For this problem we have a certain function,
[tex]MP(x)=xe^{-0.6x}[/tex]
And we need to integrate it over the interal:
[tex]0\le x\le100[/tex]
In order to solve this problem, we need to apply the integration by parts method. Such as:
[tex]\int udv=uv-\int vdu[/tex]
For our case we will call "u = x", therfore we have:
[tex]\begin{gathered} u=x \\ \frac{du}{dx}=1 \\ du=dx \end{gathered}[/tex]
And the other part of the integral will be dv, we have:
[tex]\begin{gathered} e^{-0.6x}dx=dv \\ \int e^{-0.6x}dx=\int dv \\ -1.67e^{-0.6x}=v \\ e^{-0.6x}=-\frac{v}{1.67} \\ e^{-0.6x}=-0.6v \end{gathered}[/tex]

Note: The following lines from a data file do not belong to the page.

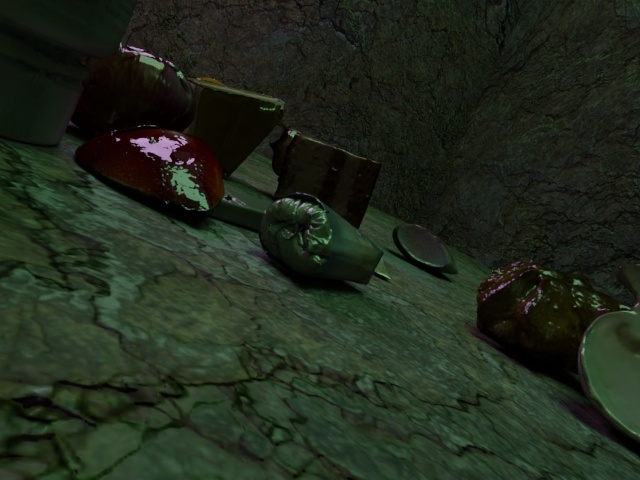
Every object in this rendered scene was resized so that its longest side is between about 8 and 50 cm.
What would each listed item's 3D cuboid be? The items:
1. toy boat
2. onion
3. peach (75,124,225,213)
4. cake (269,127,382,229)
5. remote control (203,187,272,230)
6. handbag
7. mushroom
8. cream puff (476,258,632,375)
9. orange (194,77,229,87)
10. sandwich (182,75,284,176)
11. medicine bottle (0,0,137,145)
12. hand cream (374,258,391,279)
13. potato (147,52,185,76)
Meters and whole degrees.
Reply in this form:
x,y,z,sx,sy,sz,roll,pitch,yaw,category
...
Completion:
x,y,z,sx,sy,sz,roll,pitch,yaw,category
0.292,0.037,1.403,0.206,0.096,0.282,35,-2,13,toy boat
-0.329,-0.222,0.857,0.230,0.163,0.230,-8,-15,-2,onion
-0.216,-0.110,0.671,0.189,0.068,0.279,-5,25,-44,peach
-0.008,-0.156,1.259,0.293,0.199,0.196,22,13,-1,cake
-0.093,-0.038,0.802,0.285,0.038,0.123,15,12,-42,remote control
0.000,0.000,0.637,0.117,0.095,0.173,27,5,29,handbag
0.403,0.164,0.638,0.162,0.236,0.173,-7,-26,13,mushroom
0.370,0.124,0.814,0.241,0.155,0.269,22,14,11,cream puff
-0.332,-0.362,1.459,0.236,0.236,0.236,25,8,-4,orange
-0.221,-0.259,1.189,0.227,0.198,0.155,1,24,-38,sandwich
-0.368,-0.305,0.606,0.256,0.325,0.256,24,9,-4,medicine bottle
0.107,0.050,0.907,0.035,0.022,0.102,26,14,-5,hand cream
-0.429,-0.357,1.205,0.211,0.189,0.264,30,9,21,potato
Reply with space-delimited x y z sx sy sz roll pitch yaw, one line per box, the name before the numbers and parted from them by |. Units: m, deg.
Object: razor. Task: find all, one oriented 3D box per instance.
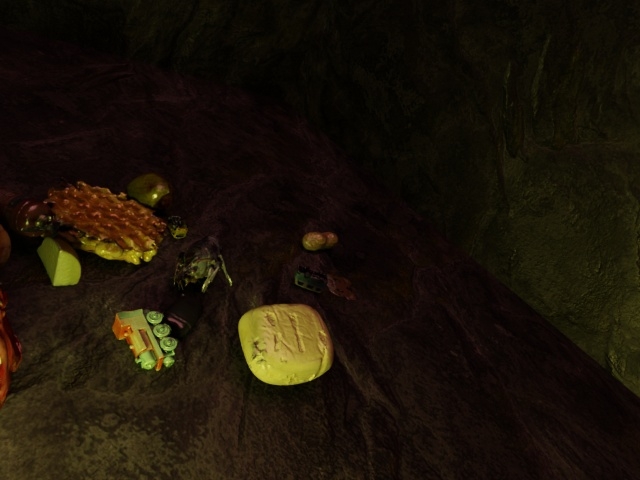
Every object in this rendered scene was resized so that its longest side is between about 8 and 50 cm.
razor | -0.387 0.208 1.393 0.090 0.054 0.148 32 25 -3

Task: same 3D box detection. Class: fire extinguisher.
fire extinguisher | -0.822 -0.073 1.315 0.344 0.102 0.138 19 15 13

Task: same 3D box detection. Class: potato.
potato | -0.691 0.031 1.329 0.081 0.120 0.149 -3 41 -48

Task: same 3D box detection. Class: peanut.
peanut | 0.002 0.000 2.149 0.193 0.089 0.089 -7 43 -48

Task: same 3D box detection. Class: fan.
fan | 0.037 0.168 1.966 0.227 0.008 0.152 20 27 -22

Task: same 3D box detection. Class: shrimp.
shrimp | -0.360 0.083 1.547 0.172 0.137 0.372 10 25 -1

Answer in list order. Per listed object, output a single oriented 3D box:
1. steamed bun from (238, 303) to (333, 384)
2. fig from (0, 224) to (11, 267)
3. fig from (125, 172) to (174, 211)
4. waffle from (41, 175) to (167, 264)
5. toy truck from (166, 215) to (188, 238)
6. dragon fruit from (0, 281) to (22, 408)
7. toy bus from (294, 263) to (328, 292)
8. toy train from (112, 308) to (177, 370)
steamed bun | -0.106 0.302 1.390 0.273 0.166 0.232 2 48 -35
fig | -0.834 -0.002 1.229 0.160 0.143 0.230 56 12 -15
fig | -0.614 -0.175 1.784 0.166 0.144 0.154 9 39 -10
waffle | -0.676 -0.061 1.559 0.380 0.095 0.382 21 23 -18
toy truck | -0.507 -0.046 1.745 0.049 0.054 0.083 0 37 -46
dragon fruit | -0.655 0.127 0.964 0.286 0.329 0.228 27 19 -1
toy bus | -0.042 0.145 1.847 0.123 0.074 0.060 21 25 -15
toy train | -0.439 0.252 1.247 0.118 0.074 0.176 -9 48 -39
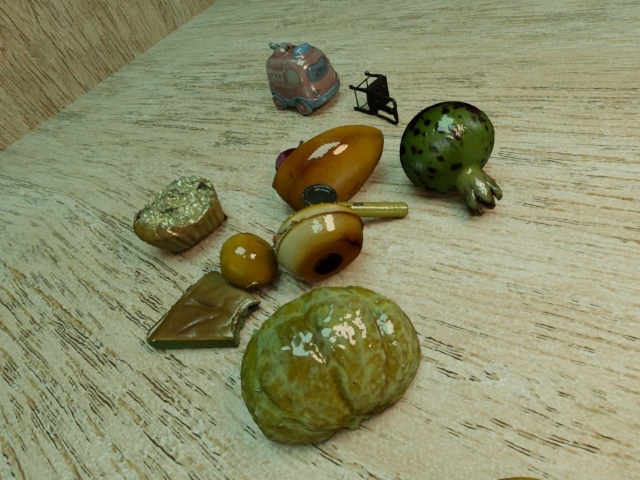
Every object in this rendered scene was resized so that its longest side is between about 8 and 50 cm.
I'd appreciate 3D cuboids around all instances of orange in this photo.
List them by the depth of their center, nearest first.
[{"bbox_3d":[0.003,0.211,0.789,0.368,0.210,0.271,-26,48,-1],"label":"orange"},{"bbox_3d":[-0.185,0.054,1.040,0.134,0.154,0.155,-49,44,17],"label":"orange"}]

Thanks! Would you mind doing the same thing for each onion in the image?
[{"bbox_3d":[-0.072,-0.257,1.286,0.150,0.140,0.150,0,55,0],"label":"onion"}]

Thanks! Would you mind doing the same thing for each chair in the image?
[{"bbox_3d":[0.215,-0.496,1.423,0.113,0.106,0.229,-43,50,-17],"label":"chair"}]

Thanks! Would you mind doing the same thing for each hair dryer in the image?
[{"bbox_3d":[0.091,-0.072,1.089,0.278,0.135,0.090,0,47,-3],"label":"hair dryer"}]

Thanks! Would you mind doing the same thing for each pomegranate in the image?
[{"bbox_3d":[0.329,-0.202,1.057,0.242,0.242,0.306,-7,77,14],"label":"pomegranate"}]

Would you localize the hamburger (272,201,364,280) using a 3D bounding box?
[{"bbox_3d":[-0.001,-0.002,0.978,0.237,0.237,0.147,-25,61,-2],"label":"hamburger"}]

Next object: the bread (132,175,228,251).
[{"bbox_3d":[-0.427,-0.073,1.245,0.274,0.149,0.274,-14,40,12],"label":"bread"}]

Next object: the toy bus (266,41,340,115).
[{"bbox_3d":[-0.080,-0.643,1.575,0.294,0.232,0.197,26,62,37],"label":"toy bus"}]

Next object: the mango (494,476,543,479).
[{"bbox_3d":[0.229,0.440,0.552,0.295,0.120,0.177,-27,44,-5],"label":"mango"}]

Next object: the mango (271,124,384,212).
[{"bbox_3d":[0.034,-0.207,1.169,0.350,0.199,0.201,-34,89,6],"label":"mango"}]

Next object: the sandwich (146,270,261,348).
[{"bbox_3d":[-0.282,0.204,0.998,0.212,0.063,0.245,26,64,35],"label":"sandwich"}]
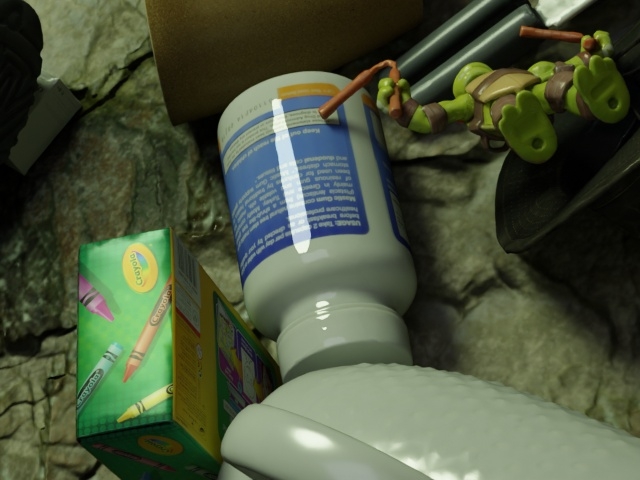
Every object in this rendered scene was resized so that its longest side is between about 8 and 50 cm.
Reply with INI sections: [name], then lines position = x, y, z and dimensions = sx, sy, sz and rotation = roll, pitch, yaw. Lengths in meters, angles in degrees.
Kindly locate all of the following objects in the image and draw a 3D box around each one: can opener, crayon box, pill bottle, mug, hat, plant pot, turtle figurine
[can opener]
position = 0.186, -0.198, 1.495
dimensions = 0.280, 0.093, 0.074
rotation = -34, 54, 10
[crayon box]
position = -0.105, 0.130, 1.294
dimensions = 0.081, 0.278, 0.165
rotation = -12, 59, 13
[pill bottle]
position = 0.000, 0.000, 1.404
dimensions = 0.152, 0.152, 0.272
rotation = -17, 58, 11
[mug]
position = 0.072, 0.212, 1.131
dimensions = 0.328, 0.374, 0.276
rotation = 23, 77, 35
[hat]
position = 0.295, -0.089, 1.345
dimensions = 0.331, 0.134, 0.331
rotation = -48, 14, 16
[plant pot]
position = -0.036, -0.243, 1.529
dimensions = 0.254, 0.237, 0.237
rotation = -8, 59, 0
[turtle figurine]
position = 0.148, -0.114, 1.341
dimensions = 0.270, 0.087, 0.217
rotation = -13, 16, -14

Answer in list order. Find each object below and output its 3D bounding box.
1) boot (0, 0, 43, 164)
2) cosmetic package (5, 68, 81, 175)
[boot]
position = -0.525, -0.144, 1.643
dimensions = 0.445, 0.146, 0.367
rotation = 26, 91, 33
[cosmetic package]
position = -0.372, -0.166, 1.688
dimensions = 0.239, 0.060, 0.099
rotation = 29, 77, 30
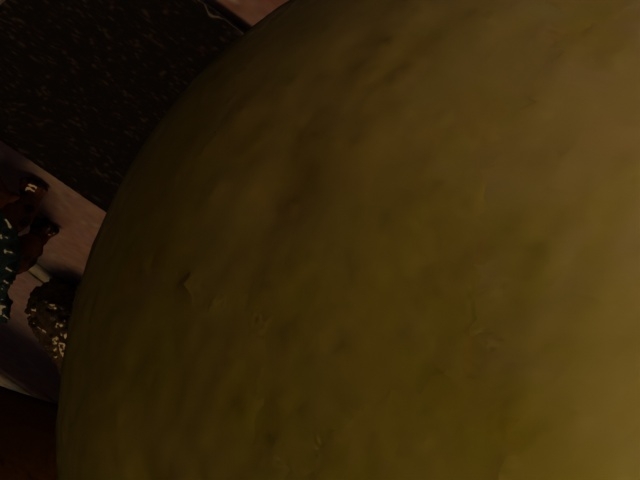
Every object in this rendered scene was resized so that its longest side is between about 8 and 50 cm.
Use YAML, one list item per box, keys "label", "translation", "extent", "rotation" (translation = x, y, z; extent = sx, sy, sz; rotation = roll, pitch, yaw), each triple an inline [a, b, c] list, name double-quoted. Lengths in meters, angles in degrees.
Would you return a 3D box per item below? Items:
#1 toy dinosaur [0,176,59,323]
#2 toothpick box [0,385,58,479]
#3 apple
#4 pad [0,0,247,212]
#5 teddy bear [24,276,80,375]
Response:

Using the second expression, we have:
[tex]\begin{gathered} \int xe^{-0.6x}=-1.67xe^{-0.6x}+\int 1.67e^{-0.6x}dx \\ \int xe^{-0.6x}=-1.67xe^{-0.6x}-2.78e^{-0.6x}+K \end{gathered}[/tex]
Now we need to apply the interval, to define the function:
[tex]\begin{gathered} \int ^{100}_0xe^{-0.6x}=(-1.67xe^{-0.6x}-2.78e^{-0.6x})\begin{cases}100 \\ 0\end{cases} \\ \int ^{100}_0xe^{-0.6x}=(-1.67\cdot100\cdot e^{-0.6\cdot100}-2.78e^{-0.6\cdot100})-(-1.67\cdot0\cdot e^{-0.6\cdot0}-2.78e^{-0.6\cdot0}) \\ \int ^{100}_0xe^{-0.6x}=-167e^{-60}-2.78e^{-60}+2.78e^0 \\ \int ^{100}_0xe^{-0.6x}=2.78 \end{gathered}[/tex]
The value for the integral on the interval from 0 to 100 is 2.78.